Existing external clustering evaluation metrics (e.g., NMI, ARI) suffer from a lack of monotonicity, inability to identify worst-case scenarios, poor interpretability, and reliance on random baseline assumptions—hindering reliable algorithm comparison. To address these limitations, we propose Normalized Clustering Accuracy (NCA), an asymmetric, normalization-based accuracy measure grounded in optimal set matching. NCA is the first metric to simultaneously satisfy monotonicity, scale invariance, correction for cluster-size imbalance, and sensitivity to worst-case performance. Crucially, it does not rely on adjusted-for-chance assumptions. We provide rigorous theoretical analysis establishing its desirable mathematical properties. Empirical evaluation across multiple benchmark datasets demonstrates that NCA exhibits heightened sensitivity to low-quality clusterings and yields significantly more consistent algorithm rankings than conventional metrics. Thus, NCA provides a more robust, interpretable, and theoretically sound standard for external clustering evaluation when ground-truth labels are available.

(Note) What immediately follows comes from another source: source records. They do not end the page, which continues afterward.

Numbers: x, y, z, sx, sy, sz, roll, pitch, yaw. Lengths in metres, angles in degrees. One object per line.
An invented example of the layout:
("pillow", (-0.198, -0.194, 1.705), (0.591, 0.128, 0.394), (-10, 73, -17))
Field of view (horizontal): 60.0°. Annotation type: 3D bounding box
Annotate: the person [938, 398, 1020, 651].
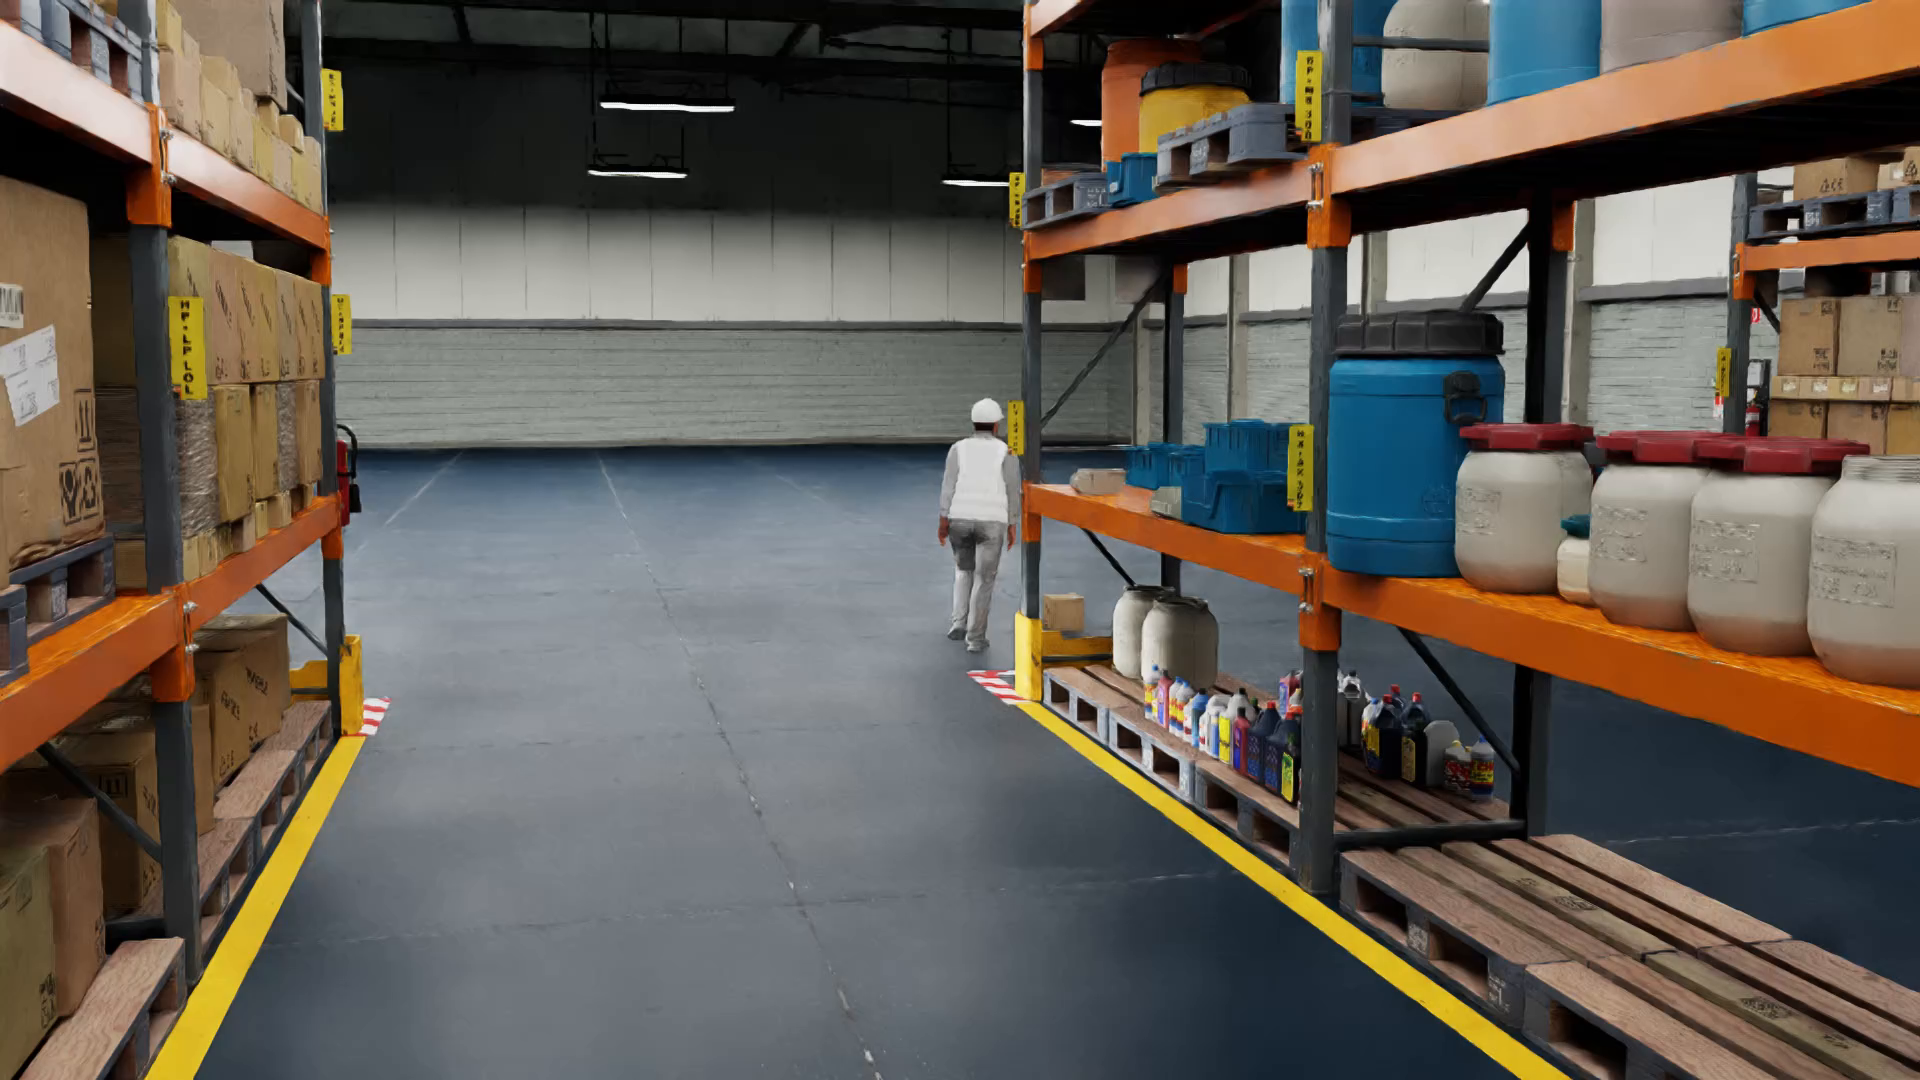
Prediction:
("person", (0.146, -0.121, 11.780), (0.565, 1.759, 0.533), (2, 6, 16))
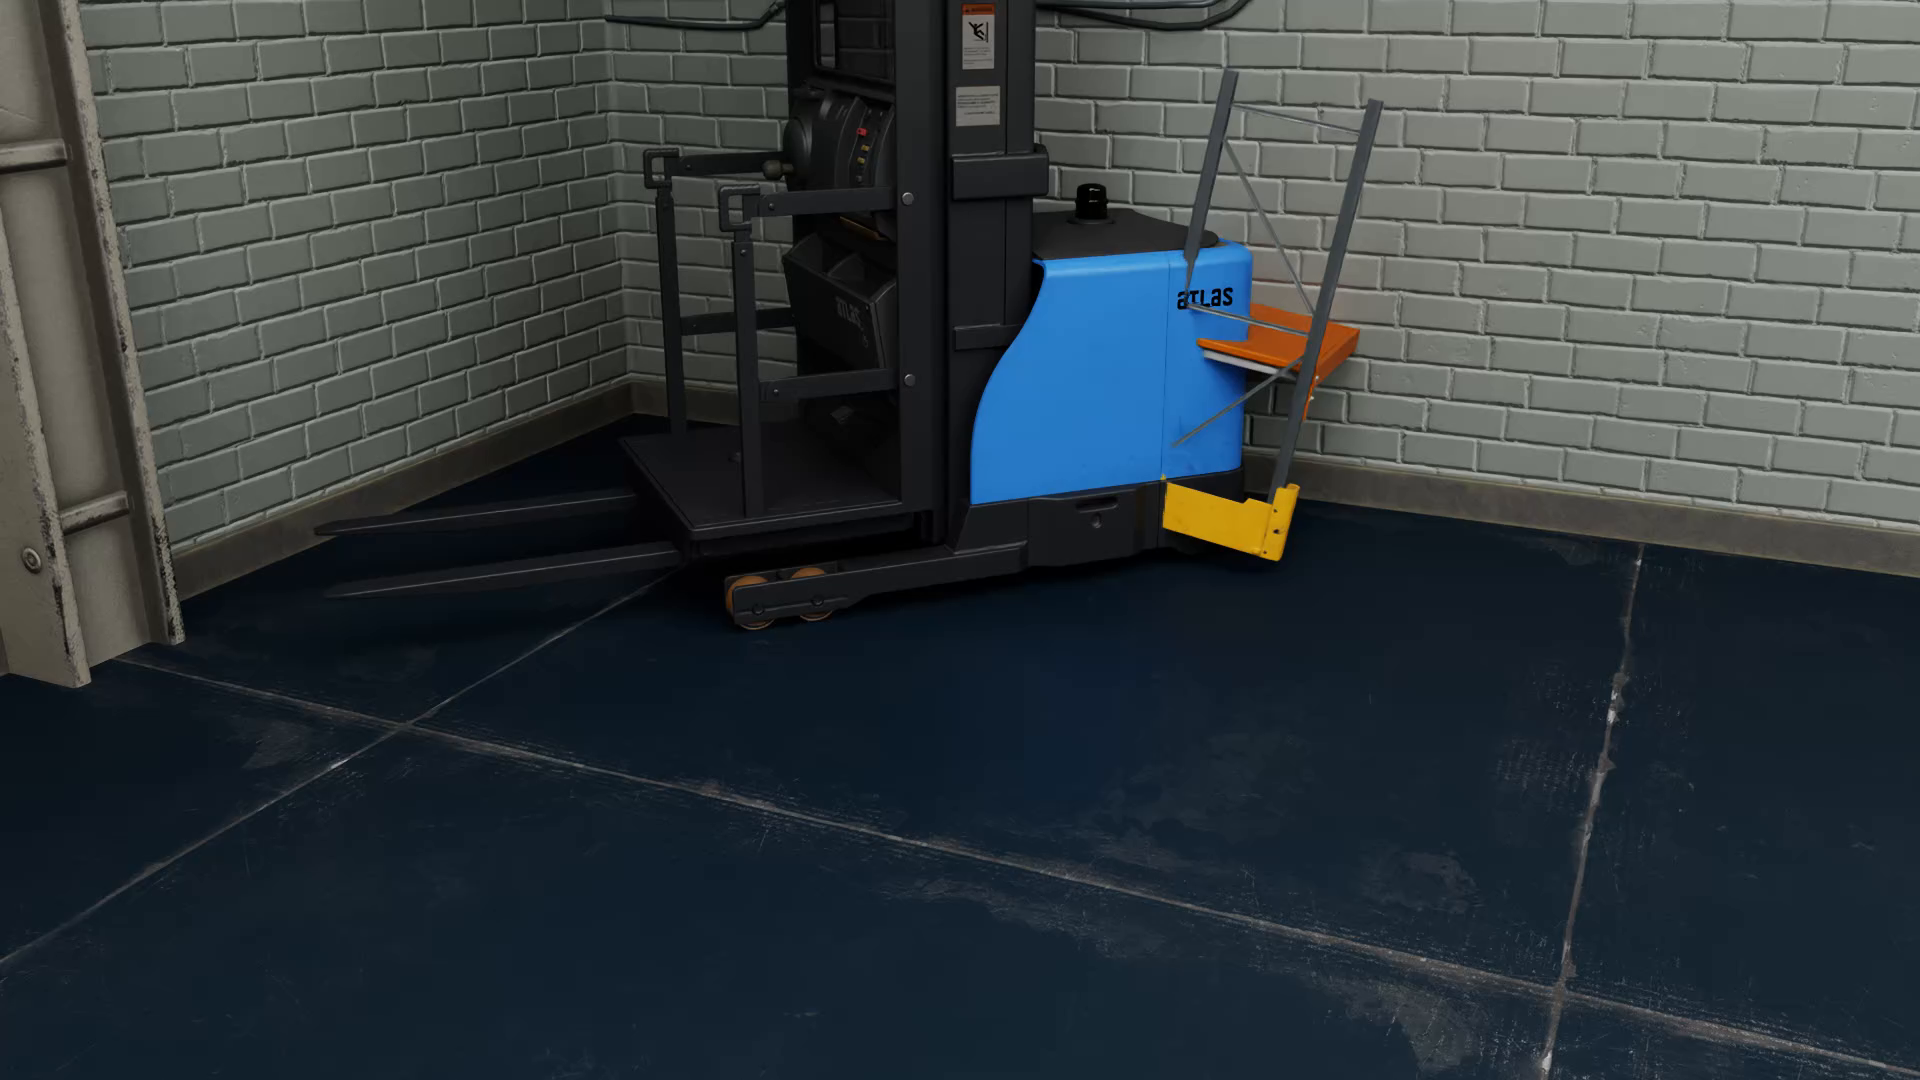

There is no, nor will there ever be, single best clustering algorithm. Nevertheless, we would still like to be able to distinguish between methods that work well on certain task types and those that systematically underperform. Clustering algorithms are traditionally evaluated using either internal or external validity measures. Internal measures quantify different aspects of the obtained partitions, e.g., the average degree of cluster compactness or point separability. However, their validity is questionable because the clusterings they endorse can sometimes be meaningless. External measures, on the other hand, compare the algorithms’ outputs to fixed ground truth groupings provided by experts. In this paper, we argue that the commonly used classical partition similarity scores, such as the normalised mutual information, Fowlkes–Mallows, or adjusted Rand index, miss some desirable properties. In particular, they do not identify worst-case scenarios correctly, nor are they easily interpretable. As a consequence, the evaluation of clustering algorithms on diverse benchmark datasets can be difficult. To remedy these issues, we propose and analyse a new measure: a version of the optimal set-matching accuracy, which is normalised, monotonic with respect to some similarity relation, scale-invariant, and corrected for the imbalancedness of cluster sizes (but neither symmetric nor adjusted for chance).